This old house is has been giving a full variety show of utility shut-offs this week. We've had a notice on the front door telling us that the electricity could be turned off at any time; it hasn't happened. However, standing in the shower, I've almost got boiled as they've turned the cold water off. Sometimes, the hot water has been turned off. Now my working week is over - it's Saturday morning - I've woken up to find that both the hot and cold water are off. A far cry from that ever so occasional day without a utility seen in England.

These days, I have a bowl of water sitting in the bath so that I can have a strip wash when required. This is very Russian. Other Russian habits include eating ice cream all year round. In the daytime, not only can you buy the stuff in a supermarket, but dedicated ice cream kiosks are open here in Berdsk, in minus temperatures. I ate a choc ice in minus 15 recently. Ok, but I still prefer it in the summer; I guess you can't take the Brit out of me that quickly.

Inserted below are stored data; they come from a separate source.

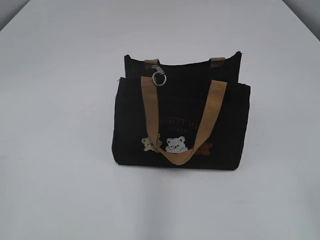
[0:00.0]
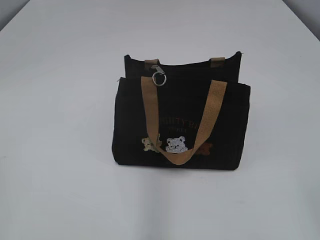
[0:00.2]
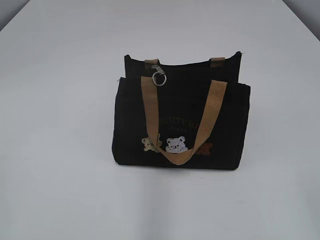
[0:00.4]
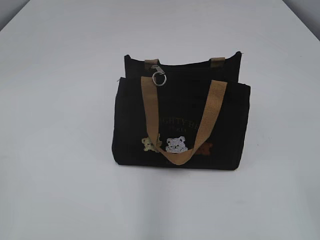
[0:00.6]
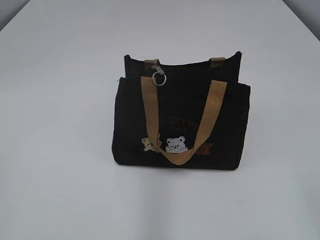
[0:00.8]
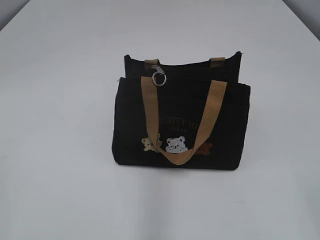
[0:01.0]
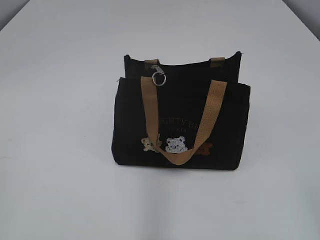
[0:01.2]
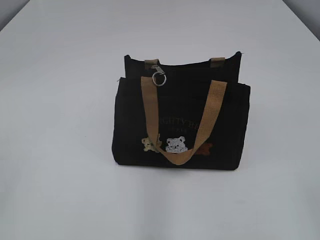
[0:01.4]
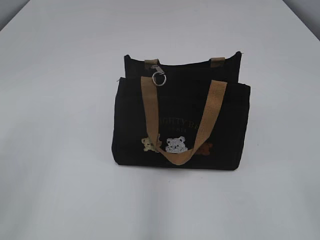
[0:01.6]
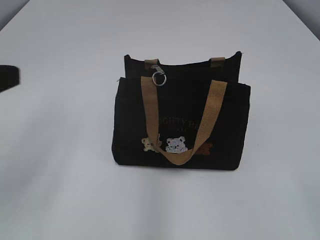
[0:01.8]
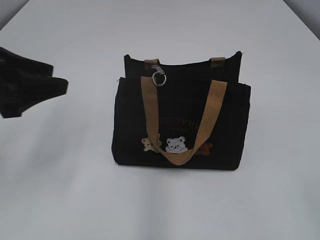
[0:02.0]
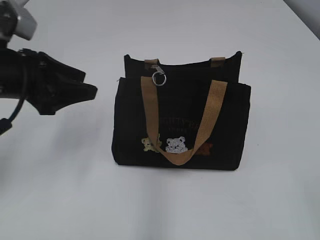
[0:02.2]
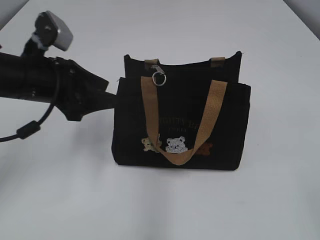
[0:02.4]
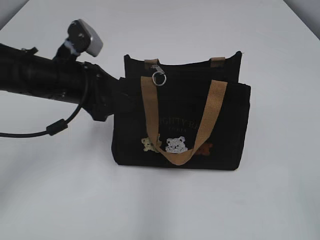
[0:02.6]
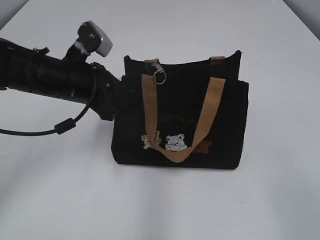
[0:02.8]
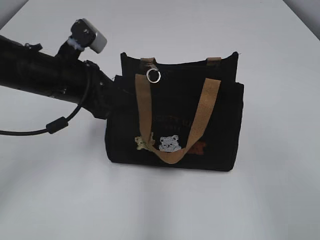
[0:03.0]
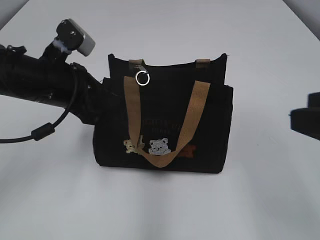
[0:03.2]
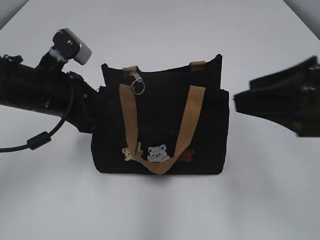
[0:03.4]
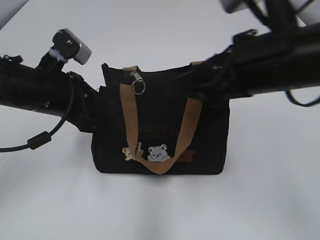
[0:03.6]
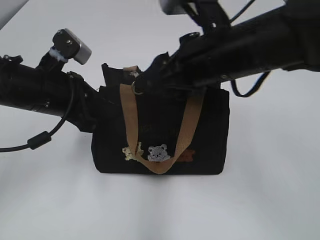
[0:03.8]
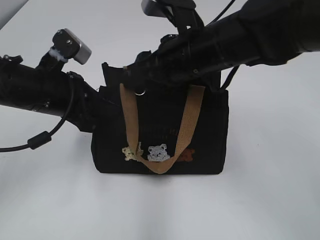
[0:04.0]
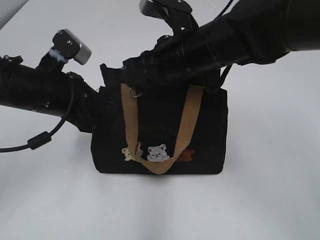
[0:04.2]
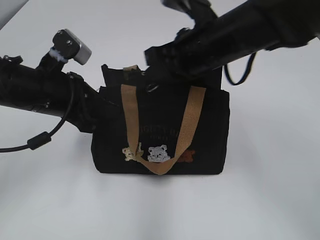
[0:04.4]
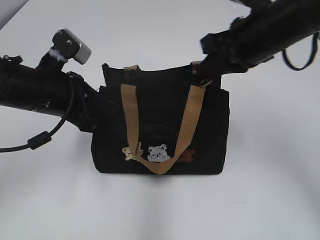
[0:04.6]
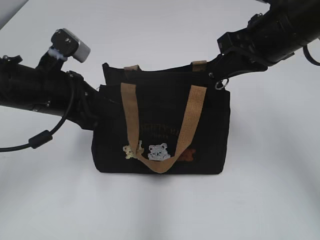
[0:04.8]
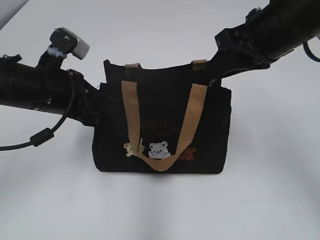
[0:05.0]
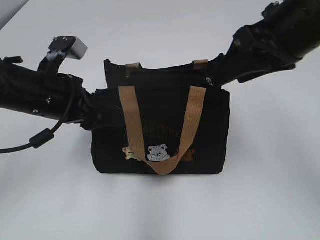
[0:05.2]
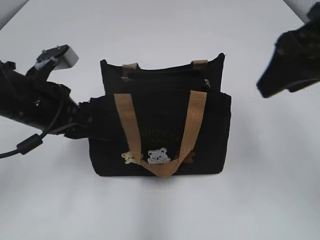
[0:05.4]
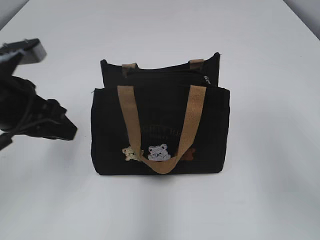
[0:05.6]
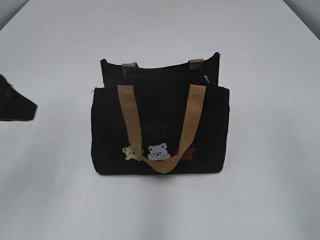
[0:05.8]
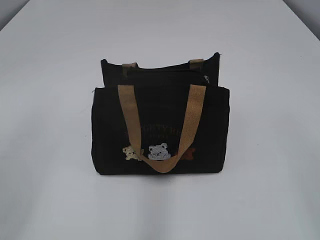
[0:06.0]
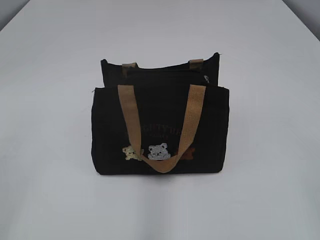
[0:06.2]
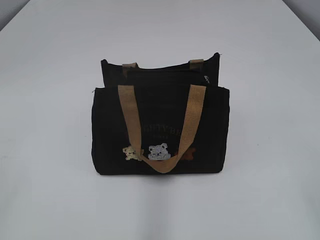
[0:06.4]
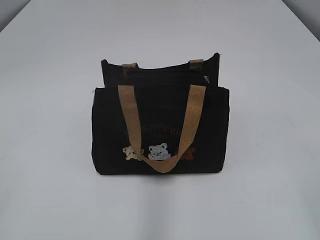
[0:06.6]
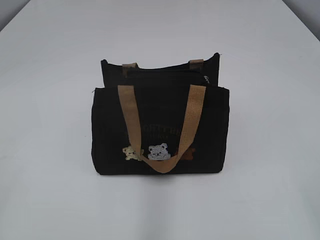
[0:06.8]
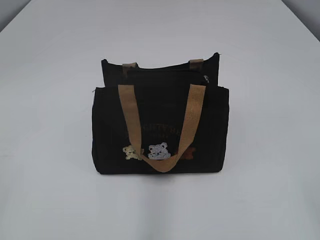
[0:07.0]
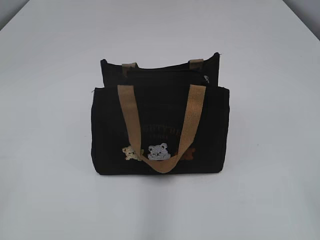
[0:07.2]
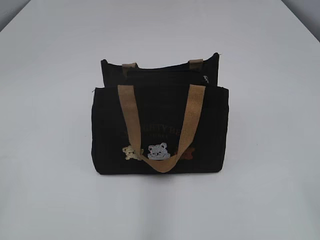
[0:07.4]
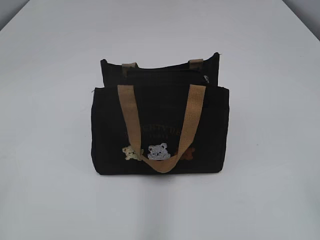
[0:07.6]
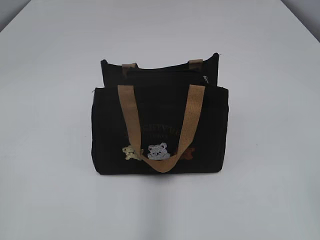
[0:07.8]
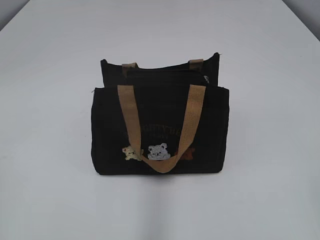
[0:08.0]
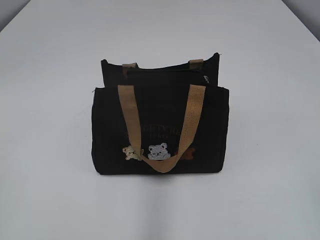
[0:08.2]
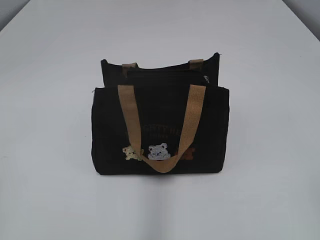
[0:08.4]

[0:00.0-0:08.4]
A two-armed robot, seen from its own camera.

I did a straw poll in a few classes of attitudes to caviar, known there as ikrah (emphasis on the second syllable). Everybody prefers red caviar, that rather fishier alternative to black, usually made from salmon or lumpfish or pike-perch. I think black ikrah may be eaten in the west more as a status symbol than anything else; I've always considered it to be rather salty, although I've never eaten the more expensive variants.

Most Russians may exercise thrift, but this does not extend to the environment. There is no recycling, although if you leave items outside the house, they will be picked by other people for re-use or resale. One of my students heard about protests against a third runway or whatever it is they're thinking of building at Heathrow and thinks Brits are the only people in Europe who worry about environmental problems. He's coming out with variations in the sun's rays when considering global warming and in common with many Russians is not at all perturbed by problems relating to waste or to the depletion of raw materials. In the latter case, it is because Russia has rather more than most, even if much of it is buried in the permafrost, although global warming and commodity prices are making these more accessible. The answer to most environmental questions is, 'Russia is a big country'.